Kim, by Rudyard Kipling

I made my daughter read Kim as part of her history this year (which features a whole lot of British Empire material), and once she was done I read it too.  I avoided Kim when I was a teen myself, mostly because it had the world's most boring cover, all yellow and dusty-looking.  (If you come from Bakersfield, a drought-stricken landscape book cover does not look exotic or attractive.)  If I'd known it was about India and spying and lamas, I would have snapped it up--well, maybe, since I also had an aversion to historical fiction.

Kim's father was an Irish soldier, but both mother and father died soon after his birth, and so Kim has grown up on the streets of Lahore, ignorant of his parentage.  He becomes a sort of apprentice and caretaker of a wandering Buddhist monk, a very learned lama--and he also undertakes some secret message-passing on the road.  Once Kim is noticed by a British officer, he is brought into the "Great Game" of espionage and competition with the Russians, but his priority is his relationship with his beloved lama.

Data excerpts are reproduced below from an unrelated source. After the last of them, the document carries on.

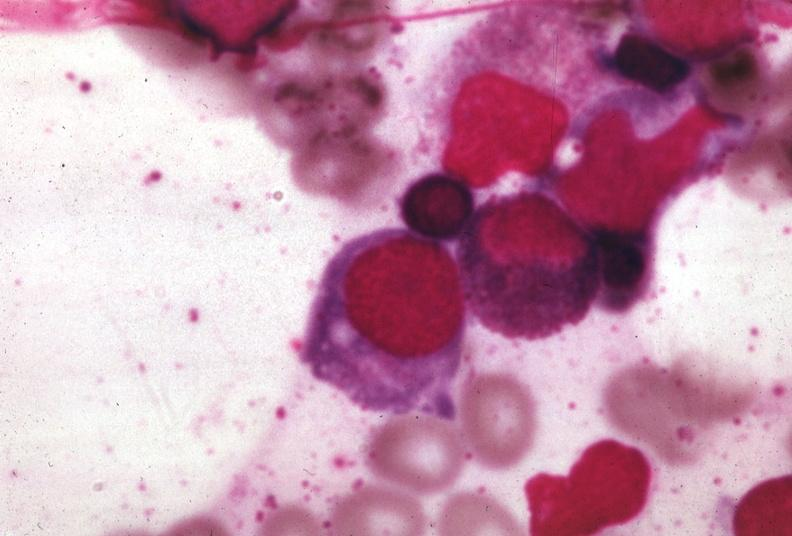s another fiber other frame present?
Answer the question using a single word or phrase. No 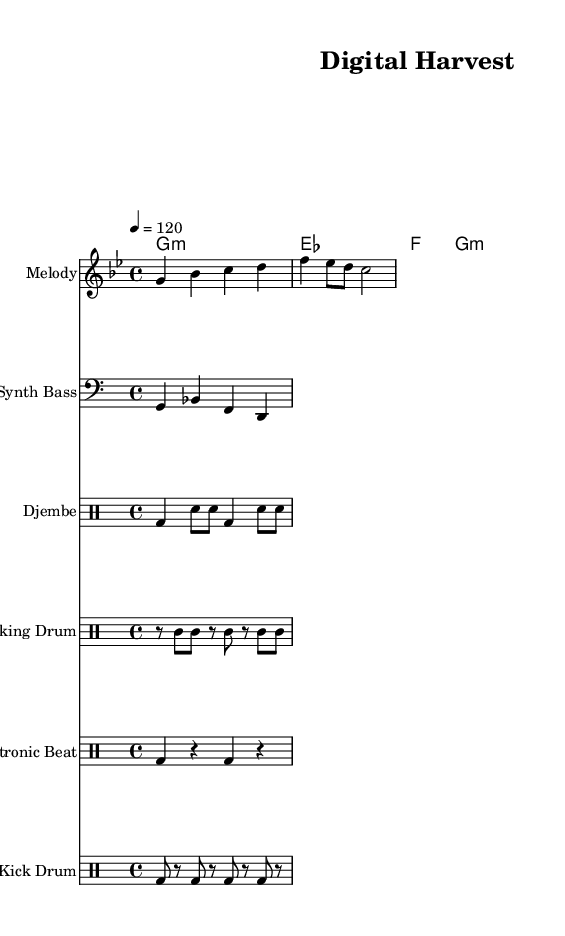What is the key signature of this music? The key signature is indicated by the flats present. In this case, there are two flats (B flat and E flat) on the staff, which identify the key as G minor.
Answer: G minor What is the time signature of this music? The time signature is shown at the beginning of the score as "4/4", indicating four beats per measure and that each beat is a quarter note.
Answer: 4/4 What is the tempo marking for this piece? The tempo marking, indicated above the staff with "4 = 120", specifies that there are 120 beats per minute, meaning the quarter note is counted as 120 beats in one minute.
Answer: 120 How many distinct percussion elements are present in this music? The score contains four distinct percussion parts: Djembe, Talking Drum, Electronic Beat, and Kick Drum. This is counted by looking at the separate drum staff sections.
Answer: Four What is the first note of the melody? The melody starts on the note G, as indicated in the first measure of the score. This is found by looking at the notes written in the melody staff.
Answer: G Which two instruments play the same rhythm pattern in the percussion section? The Djembe and Talking Drum share rhythmic elements, as they both feature rhythmic patterns that emphasize varying notes, providing a cross-sectional view of how traditional rhythms combine in the score.
Answer: Djembe and Talking Drum 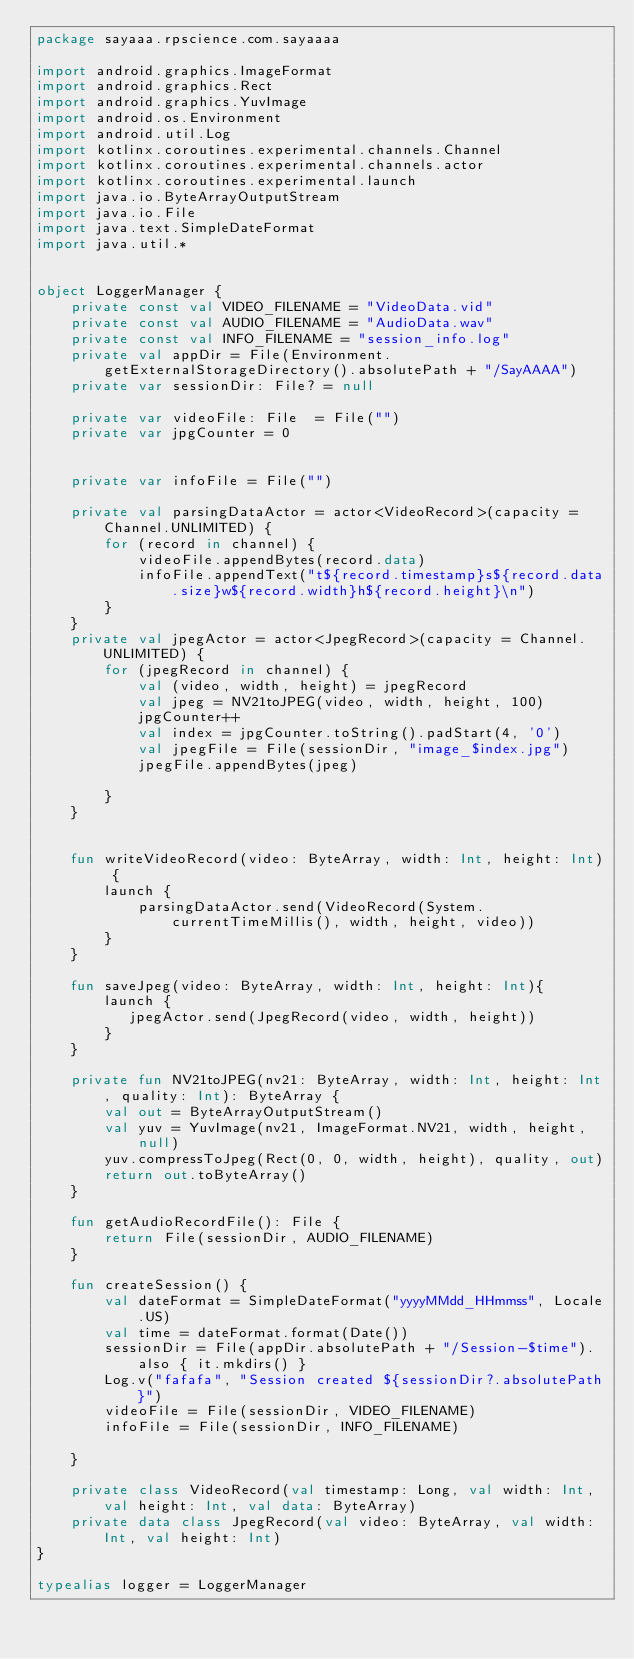<code> <loc_0><loc_0><loc_500><loc_500><_Kotlin_>package sayaaa.rpscience.com.sayaaaa

import android.graphics.ImageFormat
import android.graphics.Rect
import android.graphics.YuvImage
import android.os.Environment
import android.util.Log
import kotlinx.coroutines.experimental.channels.Channel
import kotlinx.coroutines.experimental.channels.actor
import kotlinx.coroutines.experimental.launch
import java.io.ByteArrayOutputStream
import java.io.File
import java.text.SimpleDateFormat
import java.util.*


object LoggerManager {
    private const val VIDEO_FILENAME = "VideoData.vid"
    private const val AUDIO_FILENAME = "AudioData.wav"
    private const val INFO_FILENAME = "session_info.log"
    private val appDir = File(Environment.getExternalStorageDirectory().absolutePath + "/SayAAAA")
    private var sessionDir: File? = null

    private var videoFile: File  = File("")
    private var jpgCounter = 0


    private var infoFile = File("")

    private val parsingDataActor = actor<VideoRecord>(capacity = Channel.UNLIMITED) {
        for (record in channel) {
            videoFile.appendBytes(record.data)
            infoFile.appendText("t${record.timestamp}s${record.data.size}w${record.width}h${record.height}\n")
        }
    }
    private val jpegActor = actor<JpegRecord>(capacity = Channel.UNLIMITED) {
        for (jpegRecord in channel) {
            val (video, width, height) = jpegRecord
            val jpeg = NV21toJPEG(video, width, height, 100)
            jpgCounter++
            val index = jpgCounter.toString().padStart(4, '0')
            val jpegFile = File(sessionDir, "image_$index.jpg")
            jpegFile.appendBytes(jpeg)

        }
    }


    fun writeVideoRecord(video: ByteArray, width: Int, height: Int) {
        launch {
            parsingDataActor.send(VideoRecord(System.currentTimeMillis(), width, height, video))
        }
    }

    fun saveJpeg(video: ByteArray, width: Int, height: Int){
        launch {
           jpegActor.send(JpegRecord(video, width, height))
        }
    }

    private fun NV21toJPEG(nv21: ByteArray, width: Int, height: Int, quality: Int): ByteArray {
        val out = ByteArrayOutputStream()
        val yuv = YuvImage(nv21, ImageFormat.NV21, width, height, null)
        yuv.compressToJpeg(Rect(0, 0, width, height), quality, out)
        return out.toByteArray()
    }

    fun getAudioRecordFile(): File {
        return File(sessionDir, AUDIO_FILENAME)
    }

    fun createSession() {
        val dateFormat = SimpleDateFormat("yyyyMMdd_HHmmss", Locale.US)
        val time = dateFormat.format(Date())
        sessionDir = File(appDir.absolutePath + "/Session-$time").also { it.mkdirs() }
        Log.v("fafafa", "Session created ${sessionDir?.absolutePath}")
        videoFile = File(sessionDir, VIDEO_FILENAME)
        infoFile = File(sessionDir, INFO_FILENAME)

    }

    private class VideoRecord(val timestamp: Long, val width: Int, val height: Int, val data: ByteArray)
    private data class JpegRecord(val video: ByteArray, val width: Int, val height: Int)
}

typealias logger = LoggerManager</code>

It's kind of an odd plot actually, but it works.  Kipling wants to show you what he loved--the land and people of India--so he puts Kim on the road to see as much as possible.  And yes, it's from the perspective of a guy who truly believed in the British Empire.  But most of it is about the wonders of India.

Comments

  1. I am always making resolutions to read more Kipling. I love spies and India; colonialism not so much; and Kipling has such interesting prose. My heart is divided. :p

    (Your daughter's read the Just-So Stories, right?)

    ReplyDelete
  2. Yes, I know what you mean! Yep, she has read the Jungle Book and Just-So---i actually assigned Kim to her because she had already read those, and I figured she could go a bit further.